Let's Talk About Ideal Marriage, the Book That Taught Your Grandparents How to Bone

In Depth

These days, if you want to be delivered unto marriage with a sexual blank slate, it takes a village full of abstinence-only educators working overtime—and then some. Today, information about the most obscure kinks is a Google search away, there are detailed diagrams available for positions that would daunt a triathlete gymnast, and there’s an Internet full of self-appointed experts ready to answer your every question.

This was not always the case.
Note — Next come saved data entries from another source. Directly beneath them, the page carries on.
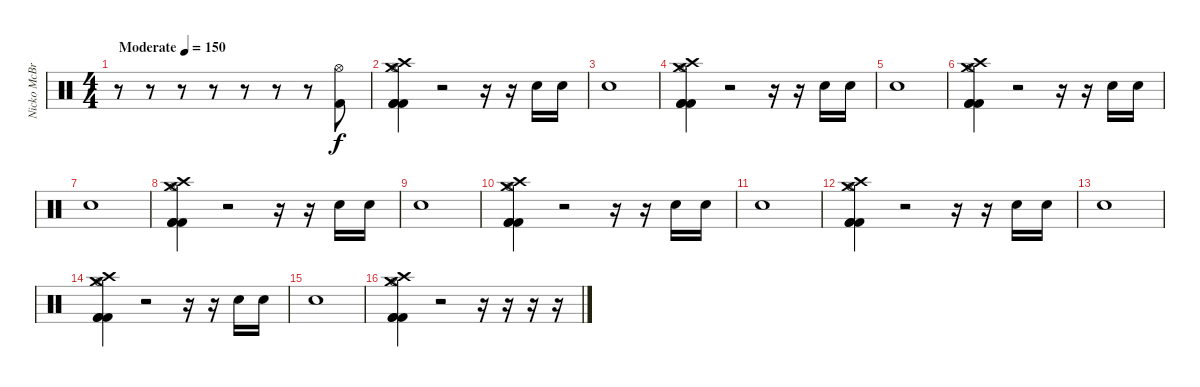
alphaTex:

\track ("Nicko McBrain" "Nicko McBr") {instrument percussion}
\staff {score}
\articulation defaults
\ts (4 4)
\tempo (150 "Moderate")
\clef neutral
\ks c
r.8{dy f} r.8 r.8 r.8 r.8 r.8 r.8 ("Hi-Hat (open)" "Kick (hit) 2").8 |
("Crash medium (hit)" "Crash high (hit)" "Hi-Hat (open)" "Kick (hit) 2" "Kick (hit) 2" "Kick (hit) 2").4 r.2 r.16 r.16 "Snare (hit) 2".16 "Snare (hit) 2".16 |
"Snare (hit) 2".1 |
("Crash medium (hit)" "Crash high (hit)" "Hi-Hat (open)" "Kick (hit) 2" "Kick (hit) 2" "Kick (hit) 2").4 r.2 r.16 r.16 "Snare (hit) 2".16 "Snare (hit) 2".16 |
"Snare (hit) 2".1 |
("Crash medium (hit)" "Crash high (hit)" "Hi-Hat (open)" "Kick (hit) 2" "Kick (hit) 2" "Kick (hit) 2").4 r.2 r.16 r.16 "Snare (hit) 2".16 "Snare (hit) 2".16 |
"Snare (hit) 2".1 |
("Crash medium (hit)" "Crash high (hit)" "Hi-Hat (open)" "Kick (hit) 2" "Kick (hit) 2" "Kick (hit) 2").4 r.2 r.16 r.16 "Snare (hit) 2".16 "Snare (hit) 2".16 |
"Snare (hit) 2".1 |
("Crash medium (hit)" "Crash high (hit)" "Hi-Hat (open)" "Kick (hit) 2" "Kick (hit) 2" "Kick (hit) 2").4 r.2 r.16 r.16 "Snare (hit) 2".16 "Snare (hit) 2".16 |
"Snare (hit) 2".1 |
("Crash medium (hit)" "Crash high (hit)" "Hi-Hat (open)" "Kick (hit) 2" "Kick (hit) 2" "Kick (hit) 2").4 r.2 r.16 r.16 "Snare (hit) 2".16 "Snare (hit) 2".16 |
"Snare (hit) 2".1 |
("Crash medium (hit)" "Crash high (hit)" "Hi-Hat (open)" "Kick (hit) 2" "Kick (hit) 2" "Kick (hit) 2").4 r.2 r.16 r.16 "Snare (hit) 2".16 "Snare (hit) 2".16 |
"Snare (hit) 2".1 |
("Crash medium (hit)" "Crash high (hit)" "Hi-Hat (open)" "Kick (hit) 2" "Kick (hit) 2" "Kick (hit) 2").4 r.2 r.16 r.16 r.16 r.16

Once upon a time, your best option was books like Ideal Marriage: Its Physiology and Technique. Written by a Dutch doctor, originally published in 1926, it was first translated and published in America by Random House in 1930. In the decades that followed, Ideal Marriage went through dozens of reprintings. You might recognize the title from a viral news story about a copy returned to the New York Public Library decades late, which inspired yours truly to find a copy.

Curious about what constituted an “ideal marriage” in 1930, I found a 1968 printing on Etsy; it was branded being as part of Random House’s “Lifetime Library.” Within it, I found a passionate appeal for “vigorous and harmonious sexual activity.” By “harmonious,” he means that the woman should always come.

That piece of wisdom, so very contemporary, is matched by elements of Ideal Marriage that feel hysterically dated. Author Theodoor H. van de Velde sprinkles the text with quotes from Ovid and Balzac and writes in a style so opaque you can forget for paragraphs at a stretch that he’s talking about, say, doggie-style. Furthermore, the book works under the presumption that husbands are fully responsible for educating their wives in the erotic arts.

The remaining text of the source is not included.